WHAT YOU WILL DO: The required output is the exact run of lines below that opens at the line with "6) granola bar box [1334,506,1673,897]" and closes at the line with "13) milk carton [1681,634,1919,927]".

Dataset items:
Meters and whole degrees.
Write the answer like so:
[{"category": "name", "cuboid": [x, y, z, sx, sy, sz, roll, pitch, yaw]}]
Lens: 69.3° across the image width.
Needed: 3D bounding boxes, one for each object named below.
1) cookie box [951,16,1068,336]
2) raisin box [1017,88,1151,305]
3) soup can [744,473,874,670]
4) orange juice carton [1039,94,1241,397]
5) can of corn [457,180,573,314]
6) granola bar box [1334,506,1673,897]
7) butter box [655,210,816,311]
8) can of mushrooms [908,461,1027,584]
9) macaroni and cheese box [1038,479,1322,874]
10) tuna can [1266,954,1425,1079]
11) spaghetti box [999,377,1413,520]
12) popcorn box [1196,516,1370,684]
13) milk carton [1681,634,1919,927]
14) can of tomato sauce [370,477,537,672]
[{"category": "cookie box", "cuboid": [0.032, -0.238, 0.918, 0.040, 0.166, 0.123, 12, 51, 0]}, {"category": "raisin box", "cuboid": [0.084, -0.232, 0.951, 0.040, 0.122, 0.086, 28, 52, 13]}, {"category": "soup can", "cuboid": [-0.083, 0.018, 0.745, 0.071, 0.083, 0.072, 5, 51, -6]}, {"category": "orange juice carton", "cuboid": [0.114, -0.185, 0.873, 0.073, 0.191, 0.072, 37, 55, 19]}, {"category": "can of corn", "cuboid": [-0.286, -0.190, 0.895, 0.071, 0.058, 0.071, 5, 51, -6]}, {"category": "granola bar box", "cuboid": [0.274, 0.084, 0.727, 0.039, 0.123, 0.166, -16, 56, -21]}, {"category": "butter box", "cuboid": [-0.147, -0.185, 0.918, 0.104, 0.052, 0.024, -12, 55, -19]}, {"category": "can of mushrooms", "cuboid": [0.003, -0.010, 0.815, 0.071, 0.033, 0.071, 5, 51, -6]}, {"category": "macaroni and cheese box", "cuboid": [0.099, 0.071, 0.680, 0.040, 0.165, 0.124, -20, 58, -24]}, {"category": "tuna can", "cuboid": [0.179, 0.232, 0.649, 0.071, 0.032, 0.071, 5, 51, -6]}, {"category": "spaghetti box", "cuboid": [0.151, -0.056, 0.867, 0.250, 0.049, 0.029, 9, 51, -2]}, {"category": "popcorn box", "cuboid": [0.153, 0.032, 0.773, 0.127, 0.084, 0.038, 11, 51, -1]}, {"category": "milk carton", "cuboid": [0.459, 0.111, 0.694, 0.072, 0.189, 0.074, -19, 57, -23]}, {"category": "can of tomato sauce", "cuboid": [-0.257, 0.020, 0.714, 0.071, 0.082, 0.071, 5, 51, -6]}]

RESULT:
6) granola bar box [1334,506,1673,897]
7) butter box [655,210,816,311]
8) can of mushrooms [908,461,1027,584]
9) macaroni and cheese box [1038,479,1322,874]
10) tuna can [1266,954,1425,1079]
11) spaghetti box [999,377,1413,520]
12) popcorn box [1196,516,1370,684]
13) milk carton [1681,634,1919,927]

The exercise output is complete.